--- WORK REQUIRED ---
The answer is a stretch of the material below, returned exactly: the line containing "#10 snack box (747, 97, 833, 188)", the line containing "#19 toy (813, 0, 919, 124)", and all lines between.
==========
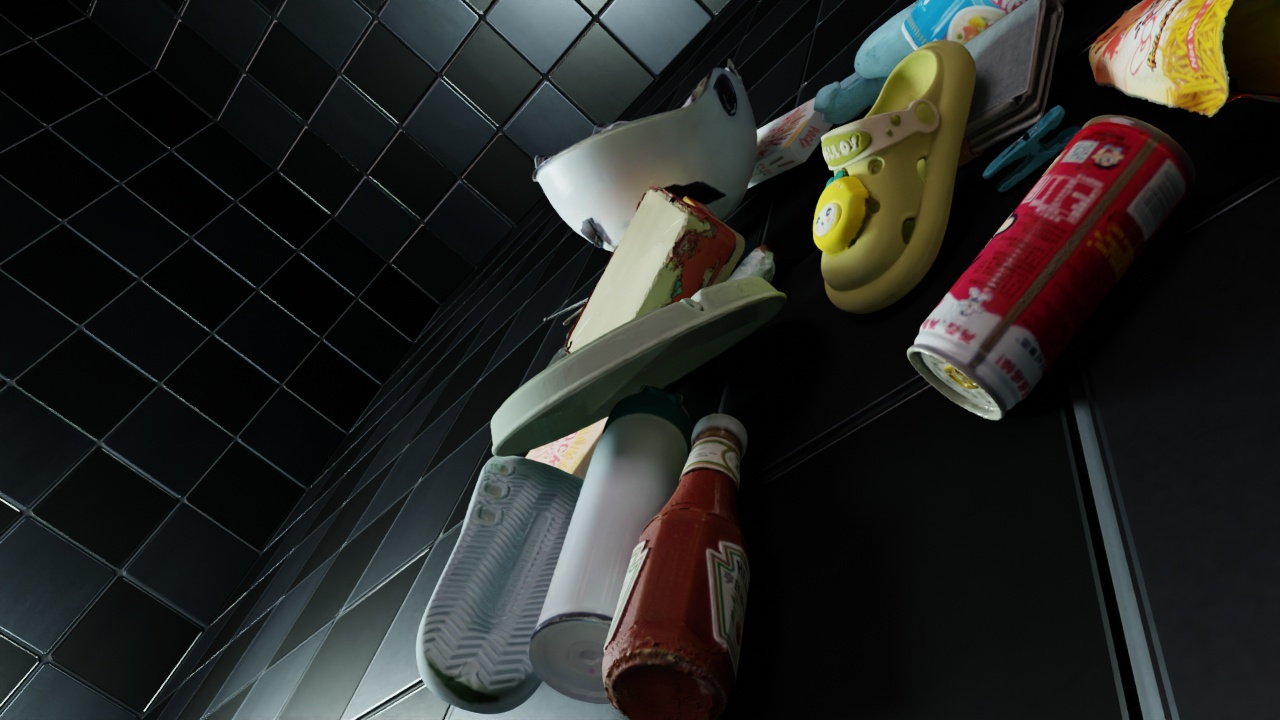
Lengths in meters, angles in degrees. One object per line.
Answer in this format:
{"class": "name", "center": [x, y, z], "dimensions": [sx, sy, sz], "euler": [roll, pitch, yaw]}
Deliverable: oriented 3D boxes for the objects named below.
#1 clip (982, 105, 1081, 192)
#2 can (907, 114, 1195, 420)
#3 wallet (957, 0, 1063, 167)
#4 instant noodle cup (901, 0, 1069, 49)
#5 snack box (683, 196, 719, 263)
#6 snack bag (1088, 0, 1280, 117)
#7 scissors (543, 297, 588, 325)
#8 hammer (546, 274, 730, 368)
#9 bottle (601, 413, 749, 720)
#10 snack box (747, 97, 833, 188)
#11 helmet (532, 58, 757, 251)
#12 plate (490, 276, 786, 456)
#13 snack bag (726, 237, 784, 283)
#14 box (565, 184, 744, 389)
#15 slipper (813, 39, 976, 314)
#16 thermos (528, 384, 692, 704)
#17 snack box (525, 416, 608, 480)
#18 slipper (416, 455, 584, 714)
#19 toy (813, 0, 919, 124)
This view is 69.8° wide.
{"class": "clip", "center": [0.224, -0.120, 0.527], "dimensions": [0.057, 0.046, 0.014], "euler": [-44, 18, 32]}
{"class": "can", "center": [0.177, -0.040, 0.401], "dimensions": [0.132, 0.053, 0.053], "euler": [-50, 15, -3]}
{"class": "wallet", "center": [0.221, -0.172, 0.620], "dimensions": [0.130, 0.037, 0.106], "euler": [-26, 39, 58]}
{"class": "instant noodle cup", "center": [0.254, -0.265, 0.667], "dimensions": [0.110, 0.099, 0.099], "euler": [-49, 13, 38]}
{"class": "snack box", "center": [0.023, -0.066, 0.841], "dimensions": [0.156, 0.027, 0.077], "euler": [-56, 37, 19]}
{"class": "snack bag", "center": [0.282, -0.168, 0.426], "dimensions": [0.129, 0.073, 0.207], "euler": [-42, 10, 27]}
{"class": "scissors", "center": [-0.003, -0.088, 0.979], "dimensions": [0.222, 0.022, 0.229], "euler": [-19, 14, 40]}
{"class": "hammer", "center": [-0.018, -0.031, 0.963], "dimensions": [0.324, 0.032, 0.125], "euler": [-28, 27, 53]}
{"class": "bottle", "center": [0.030, 0.096, 0.484], "dimensions": [0.060, 0.060, 0.205], "euler": [-40, 14, 29]}
{"class": "snack box", "center": [0.149, -0.231, 0.986], "dimensions": [0.084, 0.027, 0.157], "euler": [-54, 15, -16]}
{"class": "helmet", "center": [0.017, -0.187, 0.935], "dimensions": [0.230, 0.146, 0.257], "euler": [-19, 16, 27]}
{"class": "plate", "center": [-0.004, 0.004, 0.641], "dimensions": [0.230, 0.027, 0.230], "euler": [-27, -9, -5]}
{"class": "snack bag", "center": [0.079, -0.055, 0.742], "dimensions": [0.104, 0.026, 0.048], "euler": [-51, -25, -3]}
{"class": "box", "center": [0.003, -0.056, 0.769], "dimensions": [0.168, 0.077, 0.091], "euler": [-61, 36, 14]}
{"class": "slipper", "center": [0.147, -0.124, 0.579], "dimensions": [0.092, 0.081, 0.190], "euler": [-10, 58, 68]}
{"class": "thermos", "center": [-0.009, 0.100, 0.569], "dimensions": [0.073, 0.073, 0.223], "euler": [-41, 17, 29]}
{"class": "snack box", "center": [-0.064, 0.085, 0.825], "dimensions": [0.084, 0.026, 0.157], "euler": [-54, 16, -16]}
{"class": "slipper", "center": [-0.080, 0.143, 0.602], "dimensions": [0.244, 0.104, 0.074], "euler": [-71, -1, -66]}
{"class": "toy", "center": [0.222, -0.263, 0.781], "dimensions": [0.161, 0.050, 0.156], "euler": [-28, -7, -5]}
==========
--- ANSWER SECTION ---
#10 snack box (747, 97, 833, 188)
#11 helmet (532, 58, 757, 251)
#12 plate (490, 276, 786, 456)
#13 snack bag (726, 237, 784, 283)
#14 box (565, 184, 744, 389)
#15 slipper (813, 39, 976, 314)
#16 thermos (528, 384, 692, 704)
#17 snack box (525, 416, 608, 480)
#18 slipper (416, 455, 584, 714)
#19 toy (813, 0, 919, 124)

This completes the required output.